Dans cette perspective, il est urgent d’associer les éditeurs de logiciels de peer to peer à une démarche coopérative avec les ayants droit sans qui la création n’existerait pas tout en ne dénaturant ni les caractéristiques essentielles des logiciels concernés, notamment de nature technique ou économique, ni leur destination initiale

L’évolution technologique apporte aujourd’hui une réponse concrète et efficace qui permet précisément de réconcilier le droit d’auteur et l’engouement du public pour ces nouveaux modes d’accès aux contenus culturels. Cette évolution sera d’autant plus bénéfique pour tous que des obligations identiques s’imposeront à tous les éditeurs de logiciels. Leur responsabilité pourra être engagée dès lors qu’ils se refuseront à intégrer cette nouvelle fonctionnalité dans leur logiciel sans motif raisonnable.
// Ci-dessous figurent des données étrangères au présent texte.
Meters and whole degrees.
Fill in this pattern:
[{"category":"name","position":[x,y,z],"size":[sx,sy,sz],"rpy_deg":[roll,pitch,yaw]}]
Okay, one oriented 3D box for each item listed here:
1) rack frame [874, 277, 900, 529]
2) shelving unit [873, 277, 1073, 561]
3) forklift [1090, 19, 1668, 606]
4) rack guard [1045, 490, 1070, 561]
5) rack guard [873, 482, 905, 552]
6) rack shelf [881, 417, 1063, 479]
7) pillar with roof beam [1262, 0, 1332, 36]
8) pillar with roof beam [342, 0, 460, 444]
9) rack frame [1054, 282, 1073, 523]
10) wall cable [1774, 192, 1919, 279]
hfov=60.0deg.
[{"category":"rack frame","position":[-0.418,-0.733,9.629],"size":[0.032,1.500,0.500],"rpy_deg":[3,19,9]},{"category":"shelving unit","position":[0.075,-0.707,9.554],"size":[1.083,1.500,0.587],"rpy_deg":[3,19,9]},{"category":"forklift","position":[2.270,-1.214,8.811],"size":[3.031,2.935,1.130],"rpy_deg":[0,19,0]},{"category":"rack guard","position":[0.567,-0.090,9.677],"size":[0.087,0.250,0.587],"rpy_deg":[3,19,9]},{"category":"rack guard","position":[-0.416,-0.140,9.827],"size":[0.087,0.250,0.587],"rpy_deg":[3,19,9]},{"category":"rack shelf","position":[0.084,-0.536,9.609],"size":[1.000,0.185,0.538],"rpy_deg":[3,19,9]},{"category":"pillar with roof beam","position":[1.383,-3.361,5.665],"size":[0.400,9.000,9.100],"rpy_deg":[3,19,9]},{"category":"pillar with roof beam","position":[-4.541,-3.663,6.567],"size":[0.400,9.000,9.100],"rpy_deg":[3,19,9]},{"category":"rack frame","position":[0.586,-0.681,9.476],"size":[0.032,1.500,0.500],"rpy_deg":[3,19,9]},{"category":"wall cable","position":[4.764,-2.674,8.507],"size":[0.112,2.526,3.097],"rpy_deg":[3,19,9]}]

L’objectif de cette disposition n’est pas de frapper d’illégalité la technologie du peer to peer. Bien au contraire, sa vocation est de favoriser son utilisation dans des conditions respectueuses du droit d’auteur qui épargneront de ce fait aux internautes le risque de se placer à leur insu dans l’illégalité.

L’intention ici recherchée est de ne pas faire porter à la loi une attention exclusive sur l’internaute mais de considérer également le rôle de l’éditeur de logiciel, c’est-à-dire d’opérer un glissement de la responsabilité d’un « consommateur final » vers celle d’un professionnel du virtuel.
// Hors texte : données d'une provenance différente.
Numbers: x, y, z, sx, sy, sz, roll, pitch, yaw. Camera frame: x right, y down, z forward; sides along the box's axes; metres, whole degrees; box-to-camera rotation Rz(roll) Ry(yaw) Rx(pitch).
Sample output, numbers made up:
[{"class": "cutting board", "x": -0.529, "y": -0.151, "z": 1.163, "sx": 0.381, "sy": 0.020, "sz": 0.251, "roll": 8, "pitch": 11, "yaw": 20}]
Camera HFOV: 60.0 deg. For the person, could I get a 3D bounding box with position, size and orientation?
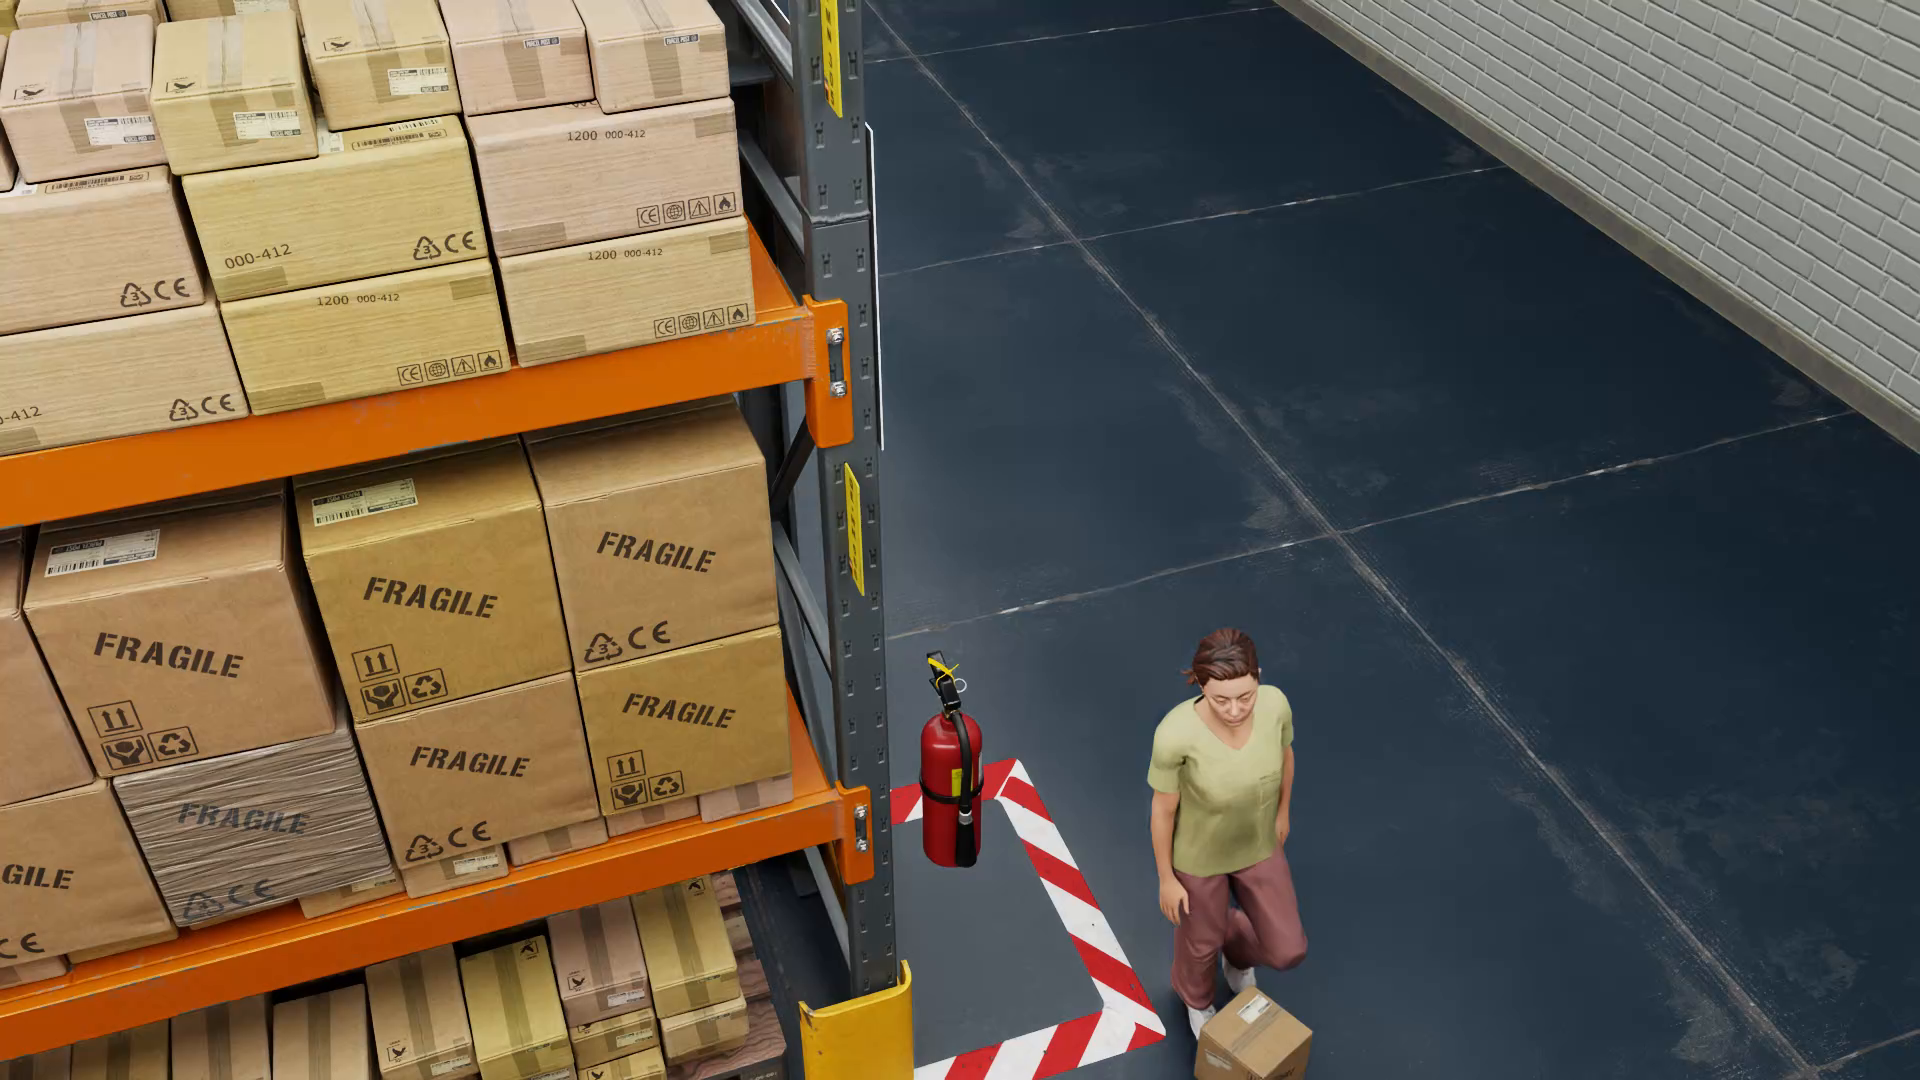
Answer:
[{"class": "person", "x": 0.784, "y": 0.923, "z": 4.939, "sx": 0.498, "sy": 1.661, "sz": 0.467, "roll": -11, "pitch": 39, "yaw": -13}]

Ce dispositif de responsabilisation des éditeurs contribuera à faire émerger de nouvelles pratiques culturelles de téléchargement dans un contexte juridiquement sain et économiquement prometteur. Dans ce nouveau contexte, de nouveaux acteurs pourront travailler à des solutions technologiques innovantes. Cette dynamique favorisera l’émergence de nouveaux opérateurs en France, y compris dans le nouveau secteur des logiciels de pair-à-pair (P2P), dont le modèle économique pourra désormais attirer les investissements, dans des conditions de sécurité juridique et dans un cadre de concurrence loyale. La démarche effectuée récemment par le fondateur du logiciel libre BitTorrent, vers la prise en compte des droits afférents aux fichiers cinématographiques distribués sur son réseau, constitue à cet égard un précédent intéressant. Bram Cohen, en passant un accord avec la Motion Pictures Association, a suscité, suite à sa décision, l’intérêt d’investisseurs pour le développement de son projet.

En protégeant le droit des créateurs, l’intention du législateur est bien de promouvoir la capacité de développement des industries culturelles et le rayonnement économique et culturel de la France, tout en permettant aux internautes un accès illimité, à travers des téléchargements ascendants comme descendants, à tous les contenus culturels pour autant qu’ils adhèrent aux nouvelles règles du jeu de la distribution en ligne.

Dans le dispositif proposé, la mention de la conformité à l’état de l’art vise notamment à permettre au juge d’apprécier l’existence de la possibilité pour l’éditeur du logiciel concerné de vérifier librement la protection des œuvres circulant par son intermédiaire, faute de quoi il ne pourrait mettre en œuvre les mesures requises.